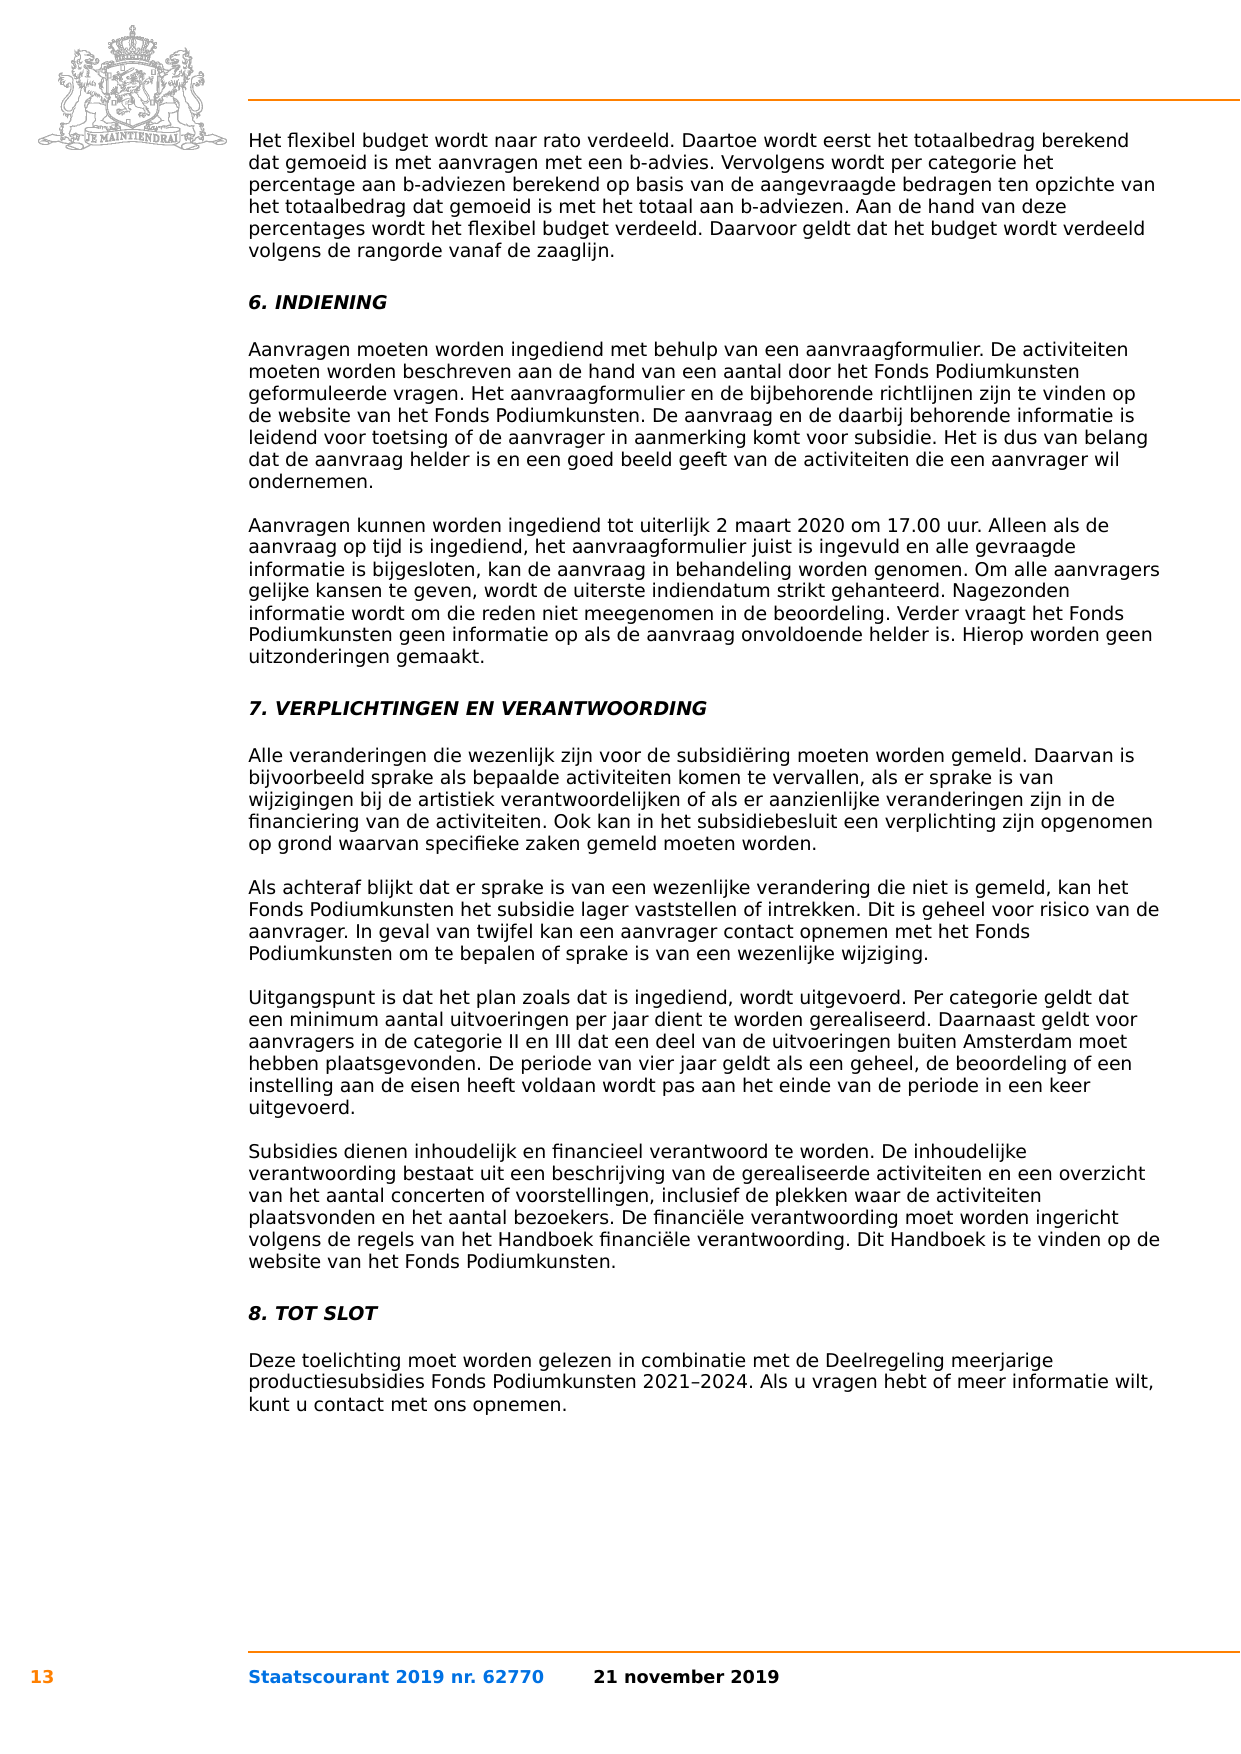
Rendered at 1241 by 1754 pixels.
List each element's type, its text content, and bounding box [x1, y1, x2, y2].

subtitle 6. INDIENING [248, 292, 1163, 314]
text Deze toelichting moet worden gelezen in combinatie met de Deelregeling meerjarige productiesubsidies Fonds Podiumkunsten 2021–2024. Als u vragen hebt of meer informatie wilt, kunt u contact met ons opnemen. [248, 1349, 1163, 1415]
picture [38, 25, 227, 150]
subtitle 8. TOT SLOT [248, 1302, 1163, 1324]
text Aanvragen kunnen worden ingediend tot uiterlijk 2 maart 2020 om 17.00 uur. Alleen als de aanvraag op tijd is ingediend, het aanvraagformulier juist is ingevuld en alle gevraagde informatie is bijgesloten, kan de aanvraag in behandeling worden genomen. Om alle aanvragers gelijke kansen te geven, wordt de uiterste indiendatum strikt gehanteerd. Nagezonden informatie wordt om die reden niet meegenomen in de beoordeling. Verder vraagt het Fonds Podiumkunsten geen informatie op als de aanvraag onvoldoende helder is. Hierop worden geen uitzonderingen gemaakt. [248, 514, 1163, 668]
text Alle veranderingen die wezenlijk zijn voor de subsidiëring moeten worden gemeld. Daarvan is bijvoorbeeld sprake als bepaalde activiteiten komen te vervallen, als er sprake is van wijzigingen bij de artistiek verantwoordelijken of als er aanzienlijke veranderingen zijn in de financiering van de activiteiten. Ook kan in het subsidiebesluit een verplichting zijn opgenomen op grond waarvan specifieke zaken gemeld moeten worden. [248, 745, 1163, 855]
text Het flexibel budget wordt naar rato verdeeld. Daartoe wordt eerst het totaalbedrag berekend dat gemoeid is met aanvragen met een b-advies. Vervolgens wordt per categorie het percentage aan b-adviezen berekend op basis van de aangevraagde bedragen ten opzichte van het totaalbedrag dat gemoeid is met het totaal aan b-adviezen. Aan de hand van deze percentages wordt het flexibel budget verdeeld. Daarvoor geldt dat het budget wordt verdeeld volgens de rangorde vanaf de zaaglijn. [248, 130, 1163, 262]
text Subsidies dienen inhoudelijk en financieel verantwoord te worden. De inhoudelijke verantwoording bestaat uit een beschrijving van de gerealiseerde activiteiten en een overzicht van het aantal concerten of voorstellingen, inclusief de plekken waar de activiteiten plaatsvonden en het aantal bezoekers. De financiële verantwoording moet worden ingericht volgens de regels van het Handboek financiële verantwoording. Dit Handboek is te vinden op de website van het Fonds Podiumkunsten. [248, 1141, 1163, 1272]
text Uitgangspunt is dat het plan zoals dat is ingediend, wordt uitgevoerd. Per categorie geldt dat een minimum aantal uitvoeringen per jaar dient te worden gerealiseerd. Daarnaast geldt voor aanvragers in de categorie II en III dat een deel van de uitvoeringen buiten Amsterdam moet hebben plaatsgevonden. De periode van vier jaar geldt als een geheel, de beoordeling of een instelling aan de eisen heeft voldaan wordt pas aan het einde van de periode in een keer uitgevoerd. [248, 987, 1163, 1119]
text Aanvragen moeten worden ingediend met behulp van een aanvraagformulier. De activiteiten moeten worden beschreven aan de hand van een aantal door het Fonds Podiumkunsten geformuleerde vragen. Het aanvraagformulier en de bijbehorende richtlijnen zijn te vinden op de website van het Fonds Podiumkunsten. De aanvraag en de daarbij behorende informatie is leidend voor toetsing of de aanvrager in aanmerking komt voor subsidie. Het is dus van belang dat de aanvraag helder is en een goed beeld geeft van de activiteiten die een aanvrager wil ondernemen. [248, 339, 1163, 493]
text Als achteraf blijkt dat er sprake is van een wezenlijke verandering die niet is gemeld, kan het Fonds Podiumkunsten het subsidie lager vaststellen of intrekken. Dit is geheel voor risico van de aanvrager. In geval van twijfel kan een aanvrager contact opnemen met het Fonds Podiumkunsten om te bepalen of sprake is van een wezenlijke wijziging. [248, 877, 1163, 965]
subtitle 7. VERPLICHTINGEN EN VERANTWOORDING [248, 698, 1163, 720]

====================

◆ WHAT YOU SHOULD DO ◆
What is needed is an exact copy of the lines from the start of the records through the line containing "text Het flexibel", with no pictures.

◆ EXERCISE RESPONSE ◆
Rendered at 1241 by 1754 pixels.
List each element's type, its text content, and bounding box [x1, y1, x2, y2].

subtitle 6. INDIENING [248, 292, 1163, 314]
text Deze toelichting moet worden gelezen in combinatie met de Deelregeling meerjarige productiesubsidies Fonds Podiumkunsten 2021–2024. Als u vragen hebt of meer informatie wilt, kunt u contact met ons opnemen. [248, 1349, 1163, 1415]
picture [38, 25, 227, 150]
subtitle 8. TOT SLOT [248, 1302, 1163, 1324]
text Aanvragen kunnen worden ingediend tot uiterlijk 2 maart 2020 om 17.00 uur. Alleen als de aanvraag op tijd is ingediend, het aanvraagformulier juist is ingevuld en alle gevraagde informatie is bijgesloten, kan de aanvraag in behandeling worden genomen. Om alle aanvragers gelijke kansen te geven, wordt de uiterste indiendatum strikt gehanteerd. Nagezonden informatie wordt om die reden niet meegenomen in de beoordeling. Verder vraagt het Fonds Podiumkunsten geen informatie op als de aanvraag onvoldoende helder is. Hierop worden geen uitzonderingen gemaakt. [248, 514, 1163, 668]
text Alle veranderingen die wezenlijk zijn voor de subsidiëring moeten worden gemeld. Daarvan is bijvoorbeeld sprake als bepaalde activiteiten komen te vervallen, als er sprake is van wijzigingen bij de artistiek verantwoordelijken of als er aanzienlijke veranderingen zijn in de financiering van de activiteiten. Ook kan in het subsidiebesluit een verplichting zijn opgenomen op grond waarvan specifieke zaken gemeld moeten worden. [248, 745, 1163, 855]
text Het flexibel budget wordt naar rato verdeeld. Daartoe wordt eerst het totaalbedrag berekend dat gemoeid is met aanvragen met een b-advies. Vervolgens wordt per categorie het percentage aan b-adviezen berekend op basis van de aangevraagde bedragen ten opzichte van het totaalbedrag dat gemoeid is met het totaal aan b-adviezen. Aan de hand van deze percentages wordt het flexibel budget verdeeld. Daarvoor geldt dat het budget wordt verdeeld volgens de rangorde vanaf de zaaglijn. [248, 130, 1163, 262]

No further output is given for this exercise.